How to complete this task —
The output is a word-for-word repeat of the listing below, free of images.

Information supplied —
------------------------------------
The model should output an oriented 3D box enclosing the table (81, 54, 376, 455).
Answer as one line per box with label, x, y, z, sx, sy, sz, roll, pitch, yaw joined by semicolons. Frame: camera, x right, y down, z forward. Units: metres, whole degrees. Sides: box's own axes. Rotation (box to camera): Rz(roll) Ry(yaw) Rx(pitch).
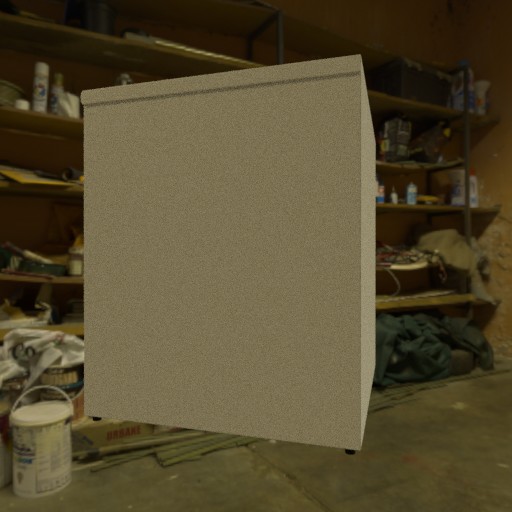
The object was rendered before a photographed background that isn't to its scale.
table;0.000;0.000;0.761;0.380;0.460;0.420;0;0;17
------------------------------------
Your response —
The model should output an oriented 3D box enclosing the table (81, 54, 376, 455).
Answer as one line per box with label, x, y, z, sx, sy, sz, roll, pitch, yaw joined by semicolons. Frame: camera, x right, y down, z forward. Units: metres, whole degrees. Sides: box's own axes. Rotation (box to camera): Rz(roll) Ry(yaw) Rx(pitch).
The object was rendered before a photographed background that isn't to its scale.
table;0.000;0.000;0.761;0.380;0.460;0.420;0;0;17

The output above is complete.